Splice Machine, which makes and markets a Hadoop and Spark powered database, announced it is moving to open source to enhance both adoption of its software as well as the quality of the product.
Using in-memory technology from Spark and scale-out capabilities from Hadoop, the Splice Machine relational database management system (RDBMS) powers new applications and offloads existing Oracle and Teradata databases with 10 to 20 times the performance at one-fourth the cost, said Monte Zweben, co-founder and CEO of Splice machine. The Splice Machine RDBMS runs simultaneous analytical and operational workloads, enabling companies to unlock insights in their big data to make better decisions.
“The reason to open source is clearly a function of today’s marketplace in terms of adoption,” Zweben told eWEEK. “If you’re a proprietary software company, you’re going to be adding a lot more friction to the adoption of your software than any open-source project. So to maximize adoption of our platform, we’re going to go open source.”
However, Zweben notes that the question he asked himself was not whether to go open source, but when. Why now?
“The reason is we’re at that critical tipping point where our product is of sufficient stability, performance and quality, where it’s okay to broaden the group of people contributing to it and building it,” he said.
Zweben noted that moving to an open-source model also is good for customers because open-sourcing provides an insurance policy for large-scale enterprises. That insurance policy means there isn’t a single vendor that they might get locked into, and there isn’t a single company that might get purchased or change direction. In addition, open-sourcing creates a vibrant community of people with skill sets in the platform that customers can turn to for help and even custom development.
“It’s a way to disperse the risk they took in the former model,” he said. Moreover, opening up a software product means there will be people looking at it, improving it and fixing bugs. “It just becomes a better, higher-quality, more secure, more performant platform,” Zweben added. “It’s safety in numbers.”
The move to open source will greatly ease the process of adopting the Splice Machine database. Up until now, whenever somebody showed interest and downloaded the stand-alone edition, they’d have to talk to a Splice Machine salesperson to get a cluster version of the system to test it at scale.

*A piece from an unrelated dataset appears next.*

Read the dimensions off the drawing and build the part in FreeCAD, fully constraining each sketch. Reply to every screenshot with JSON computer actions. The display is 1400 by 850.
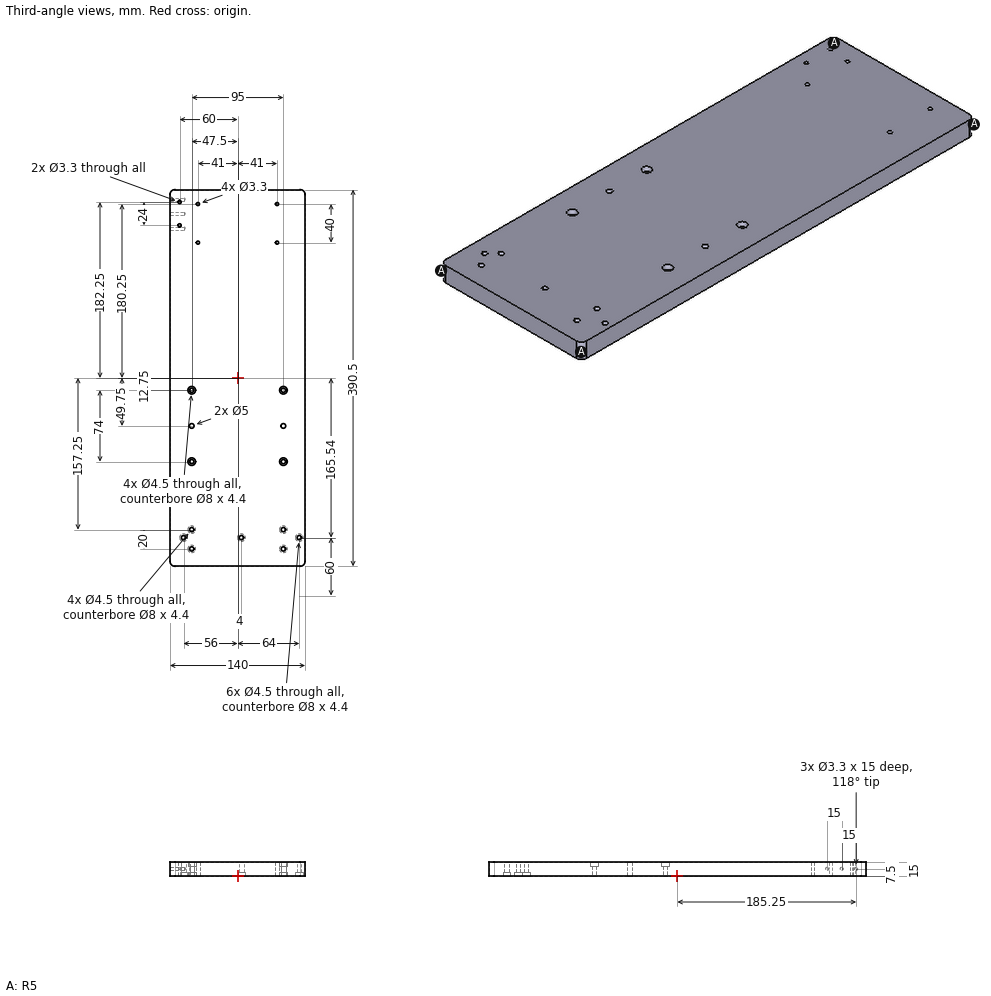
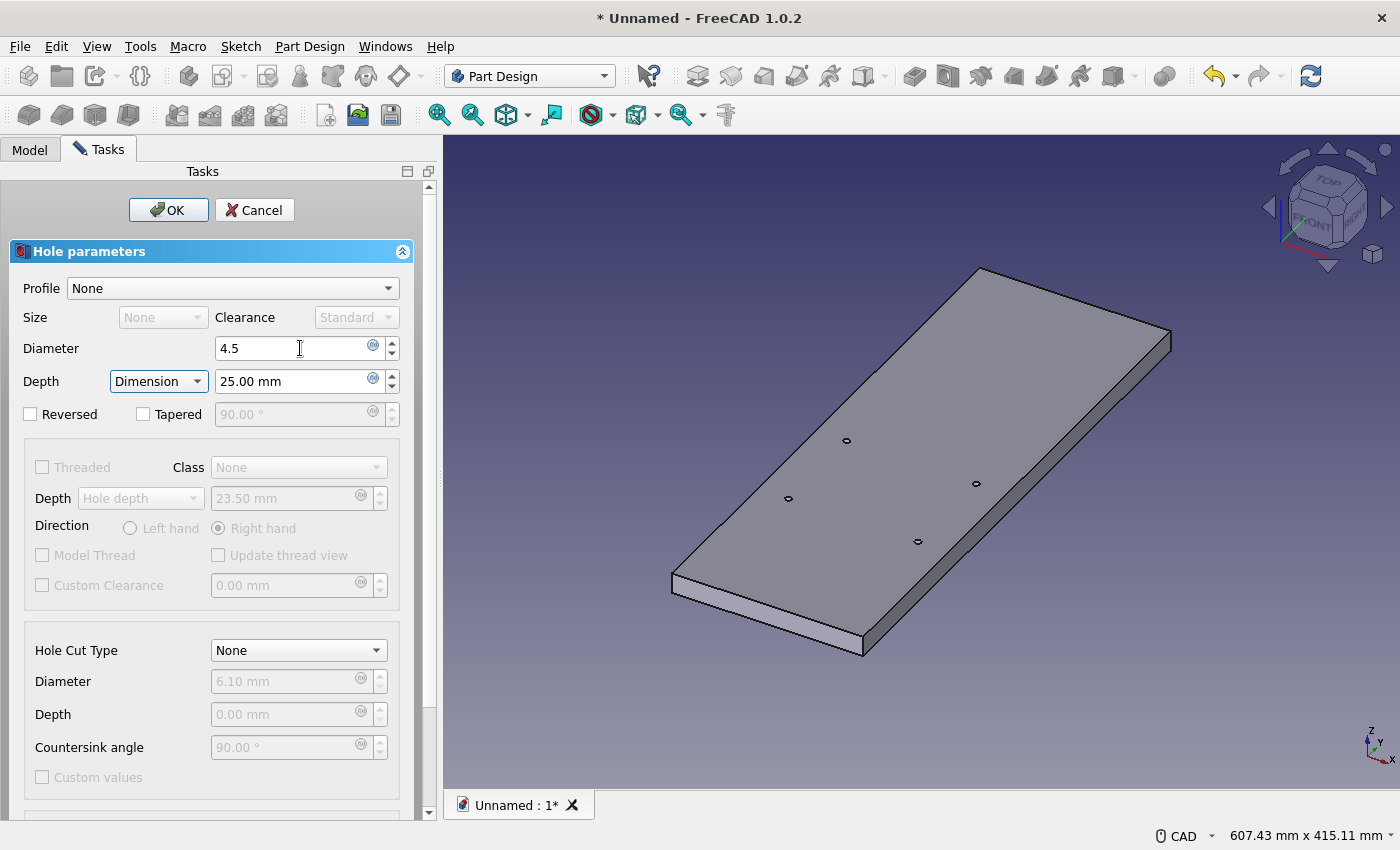
{"action": "left_click", "coordinate": [160, 382]}
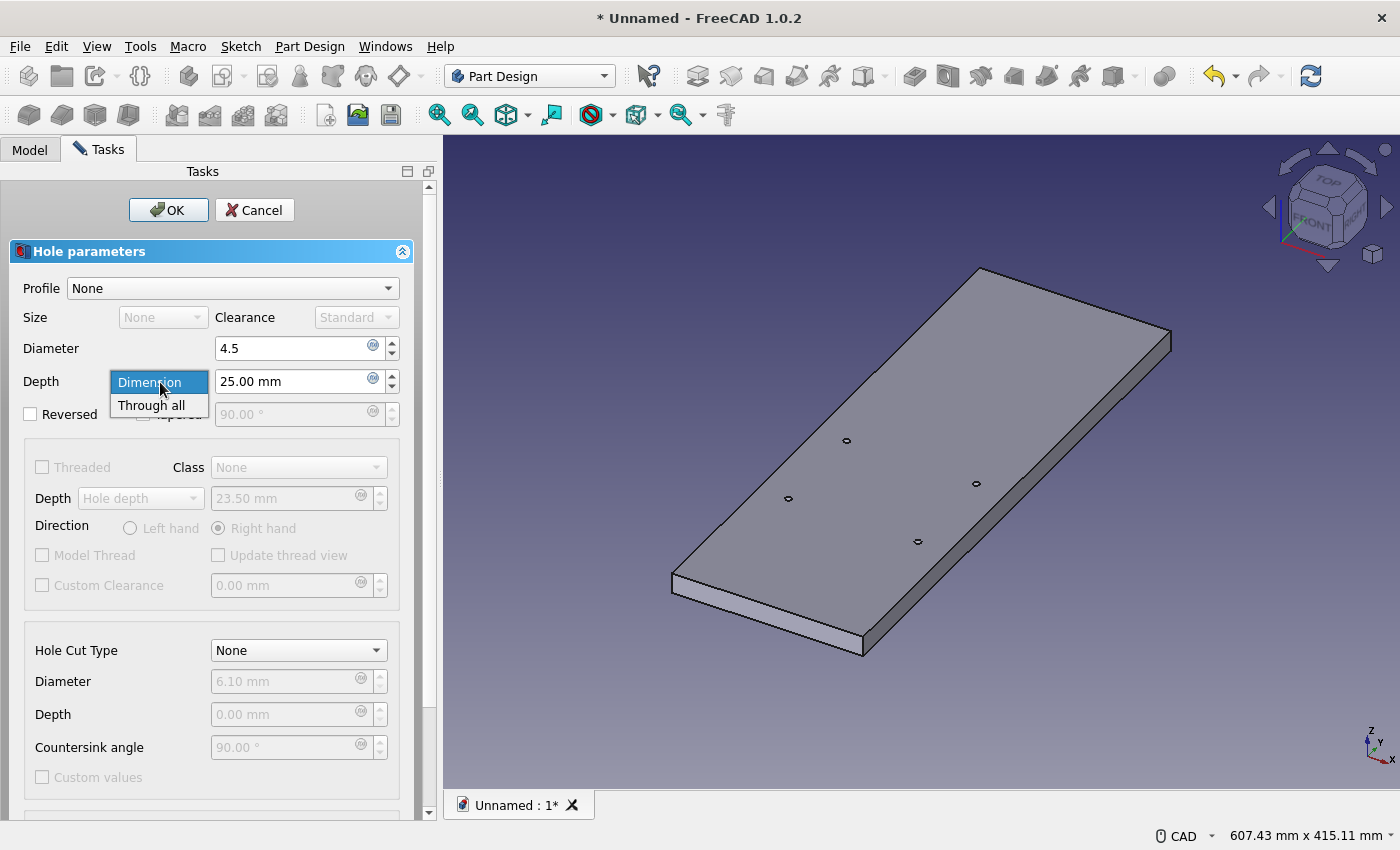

“This puts them more in the mainstream for emerging database platforms, as the expectation for developers is that the code is open, and for IT, that there is less chance of vendor lock-in,” Tony Baer, principal analyst at Ovum, told eWEEK. “That said, the fact that a product is open source doesn’t mean that developers will monkey with the source code—most won’t. But the expectation is that the platform is out in the open for those to inspect if they want to.”
Splice Machine will offer a free, open-source community edition of its database as well as an enterprise edition. There will be certain features that are only available in the enterprise edition. Those features will be operational features. However, the community edition will not be limited in terms of performance or function.
Splice Machine Moving Its Database to Open Source
If you want to test the database at scale at incredible loads, you can do so with the community edition. You can even go live on the community edition, but there are a number of operational features that will be held back for the enterprise edition, like backup features, other security features and authentication features. These are mostly features that operational people in the organization—not the developers—care about. These features are essentially related to governance and reliability, and Splice Machine will charge a per-node price for them.
Meanwhile, the company is actively seeking contributors and thought leaders in database architecture and distributed systems to help guide and support the transition, develop best practices and help shape next-generation features that best suit the open-source community, Zweben said.
“The evolution of Splice Machine from being the first transactional RDBMS on Hadoop, to incorporating Apache Spark as an analytical engine, has been amazing to watch as a member of their Advisory Board,” said Mike Franklin, former chair of the School of Computer Science at the University of California, Berkeley, and incoming chair of Computer Science at the University of Chicago. “Our AmpLab at Berkeley has initiated many open-source projects, including Apache Spark, Apache Mesos and Alluxio—formerly Tachyon. I applaud Splice Machine in taking the leap and joining the open-source community.”
“We are making the transition to open source to build a larger community around Splice Machine,” Zweben said in a statement. “Our whole team is eagerly anticipating the contributions that going open source can enable. We also look forward to being more active within the open-source communities beyond our participation around HBase and Spark.”
Apache Spark is an open-source cluster computing framework used for processing and analyzing big data. Apache HBase, an open-source distributed database modeled after Google’s BigTable, is one of the key building blocks of Splice Machine and is what enables real-time updates on top of the Hadoop Distributed File System (HDFS).
Splice Machine announced its plans to go open source at the Spark Summit 2016 conference, where the company is in beta on its Spark version. Zweben said the Spark version offers an important message to users in that Splice Machine is a dual-engine database that allows users to do both operational workloads and analytical workloads.
“At the Spark Summit, almost everyone there is thinking Spark is just for analytics,” Zweben said. “But now you’ll be able to run an application on Spark, meaning you’ll be able to change data on the fly in real-time using standard data management capabilities with transactional integrity and immediately be able to analyze that using Spark.”
Until now, you could never build an analytical application on Spark, he added. “All you could do was analyze the data you had in your repository,” he said. “So this is an important contribution to the Spark community.”